RECORDS FOR THE TASK:
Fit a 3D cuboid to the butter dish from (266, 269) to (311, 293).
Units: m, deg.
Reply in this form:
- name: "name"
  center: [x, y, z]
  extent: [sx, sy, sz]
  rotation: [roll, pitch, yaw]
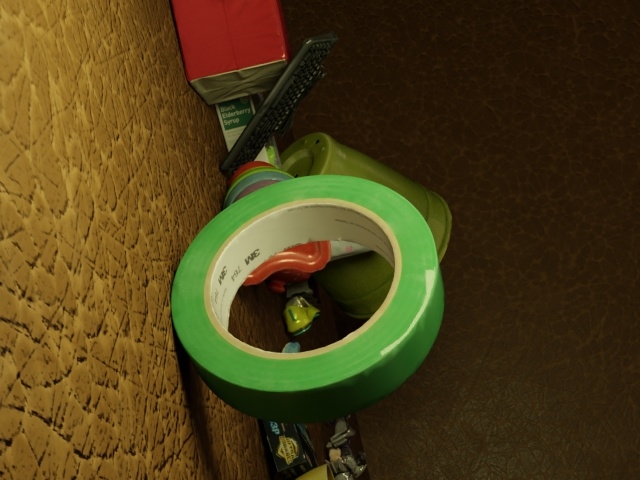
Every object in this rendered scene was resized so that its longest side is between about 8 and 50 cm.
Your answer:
- name: "butter dish"
  center: [-0.077, 0.044, 1.932]
  extent: [0.160, 0.160, 0.118]
  rotation: [57, 42, -77]

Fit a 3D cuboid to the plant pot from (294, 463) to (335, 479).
- name: "plant pot"
  center: [-0.020, 0.421, 1.533]
  extent: [0.134, 0.095, 0.134]
  rotation: [-15, 90, -87]

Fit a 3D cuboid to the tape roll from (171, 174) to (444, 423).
- name: "tape roll"
  center: [-0.015, 0.062, 1.194]
  extent: [0.077, 0.321, 0.321]
  rotation: [71, 6, -48]

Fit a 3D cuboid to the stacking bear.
- name: "stacking bear"
  center: [-0.100, -0.058, 1.780]
  extent: [0.289, 0.175, 0.164]
  rotation: [-119, -161, -67]

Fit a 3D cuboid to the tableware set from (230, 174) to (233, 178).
- name: "tableware set"
  center: [-0.152, -0.069, 1.990]
  extent: [0.154, 0.024, 0.104]
  rotation: [62, 11, -71]

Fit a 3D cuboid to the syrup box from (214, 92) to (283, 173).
- name: "syrup box"
  center: [-0.151, -0.233, 2.038]
  extent: [0.096, 0.093, 0.236]
  rotation: [-86, 162, -77]

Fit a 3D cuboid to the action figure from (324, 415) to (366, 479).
- name: "action figure"
  center: [0.057, 0.493, 2.463]
  extent: [0.185, 0.099, 0.285]
  rotation: [80, 3, -50]

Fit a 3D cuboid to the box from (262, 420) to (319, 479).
- name: "box"
  center: [-0.051, 0.324, 1.653]
  extent: [0.220, 0.051, 0.175]
  rotation: [70, 0, -60]

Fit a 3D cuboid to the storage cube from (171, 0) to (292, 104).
- name: "storage cube"
  center: [-0.156, -0.375, 1.805]
  extent: [0.215, 0.184, 0.193]
  rotation: [48, 29, -84]

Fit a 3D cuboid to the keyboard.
- name: "keyboard"
  center: [-0.062, -0.255, 1.848]
  extent: [0.033, 0.317, 0.201]
  rotation: [43, 30, 7]

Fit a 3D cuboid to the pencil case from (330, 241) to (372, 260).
- name: "pencil case"
  center: [0.000, 0.000, 2.120]
  extent: [0.113, 0.273, 0.124]
  rotation: [31, 38, -76]

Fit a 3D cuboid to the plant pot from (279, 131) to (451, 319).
- name: "plant pot"
  center: [0.053, -0.062, 2.328]
  extent: [0.353, 0.366, 0.366]
  rotation: [38, 24, -30]

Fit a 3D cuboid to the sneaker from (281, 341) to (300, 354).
- name: "sneaker"
  center: [-0.036, 0.273, 2.015]
  extent: [0.063, 0.073, 0.162]
  rotation: [72, 6, -48]

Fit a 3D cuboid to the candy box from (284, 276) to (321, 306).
- name: "candy box"
  center: [-0.063, 0.045, 2.510]
  extent: [0.159, 0.071, 0.233]
  rotation: [62, 14, -73]

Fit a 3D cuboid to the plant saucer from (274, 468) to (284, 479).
- name: "plant saucer"
  center: [-0.059, 0.412, 1.621]
  extent: [0.083, 0.013, 0.083]
  rotation: [-14, 90, -86]

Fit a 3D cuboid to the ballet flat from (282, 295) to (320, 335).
- name: "ballet flat"
  center: [-0.048, 0.168, 2.311]
  extent: [0.077, 0.077, 0.231]
  rotation: [60, 5, 1]

WORK TASK: Would you please set down the data above again exactly, without its pictures?

WRITTEN SOLUTION:
Fit a 3D cuboid to the butter dish from (266, 269) to (311, 293).
Units: m, deg.
Reply in this form:
- name: "name"
  center: [x, y, z]
  extent: [sx, sy, sz]
  rotation: [roll, pitch, yaw]
Every object in this rendered scene was resized so that its longest side is between about 8 and 50 cm.
Your answer:
- name: "butter dish"
  center: [-0.077, 0.044, 1.932]
  extent: [0.160, 0.160, 0.118]
  rotation: [57, 42, -77]

Fit a 3D cuboid to the plant pot from (294, 463) to (335, 479).
- name: "plant pot"
  center: [-0.020, 0.421, 1.533]
  extent: [0.134, 0.095, 0.134]
  rotation: [-15, 90, -87]

Fit a 3D cuboid to the tape roll from (171, 174) to (444, 423).
- name: "tape roll"
  center: [-0.015, 0.062, 1.194]
  extent: [0.077, 0.321, 0.321]
  rotation: [71, 6, -48]

Fit a 3D cuboid to the stacking bear.
- name: "stacking bear"
  center: [-0.100, -0.058, 1.780]
  extent: [0.289, 0.175, 0.164]
  rotation: [-119, -161, -67]

Fit a 3D cuboid to the tableware set from (230, 174) to (233, 178).
- name: "tableware set"
  center: [-0.152, -0.069, 1.990]
  extent: [0.154, 0.024, 0.104]
  rotation: [62, 11, -71]

Fit a 3D cuboid to the syrup box from (214, 92) to (283, 173).
- name: "syrup box"
  center: [-0.151, -0.233, 2.038]
  extent: [0.096, 0.093, 0.236]
  rotation: [-86, 162, -77]

Fit a 3D cuboid to the action figure from (324, 415) to (366, 479).
- name: "action figure"
  center: [0.057, 0.493, 2.463]
  extent: [0.185, 0.099, 0.285]
  rotation: [80, 3, -50]

Fit a 3D cuboid to the box from (262, 420) to (319, 479).
- name: "box"
  center: [-0.051, 0.324, 1.653]
  extent: [0.220, 0.051, 0.175]
  rotation: [70, 0, -60]

Fit a 3D cuboid to the storage cube from (171, 0) to (292, 104).
- name: "storage cube"
  center: [-0.156, -0.375, 1.805]
  extent: [0.215, 0.184, 0.193]
  rotation: [48, 29, -84]

Fit a 3D cuboid to the keyboard.
- name: "keyboard"
  center: [-0.062, -0.255, 1.848]
  extent: [0.033, 0.317, 0.201]
  rotation: [43, 30, 7]

Fit a 3D cuboid to the pencil case from (330, 241) to (372, 260).
- name: "pencil case"
  center: [0.000, 0.000, 2.120]
  extent: [0.113, 0.273, 0.124]
  rotation: [31, 38, -76]

Fit a 3D cuboid to the plant pot from (279, 131) to (451, 319).
- name: "plant pot"
  center: [0.053, -0.062, 2.328]
  extent: [0.353, 0.366, 0.366]
  rotation: [38, 24, -30]

Fit a 3D cuboid to the sneaker from (281, 341) to (300, 354).
- name: "sneaker"
  center: [-0.036, 0.273, 2.015]
  extent: [0.063, 0.073, 0.162]
  rotation: [72, 6, -48]

Fit a 3D cuboid to the candy box from (284, 276) to (321, 306).
- name: "candy box"
  center: [-0.063, 0.045, 2.510]
  extent: [0.159, 0.071, 0.233]
  rotation: [62, 14, -73]

Fit a 3D cuboid to the plant saucer from (274, 468) to (284, 479).
- name: "plant saucer"
  center: [-0.059, 0.412, 1.621]
  extent: [0.083, 0.013, 0.083]
  rotation: [-14, 90, -86]

Fit a 3D cuboid to the ballet flat from (282, 295) to (320, 335).
- name: "ballet flat"
  center: [-0.048, 0.168, 2.311]
  extent: [0.077, 0.077, 0.231]
  rotation: [60, 5, 1]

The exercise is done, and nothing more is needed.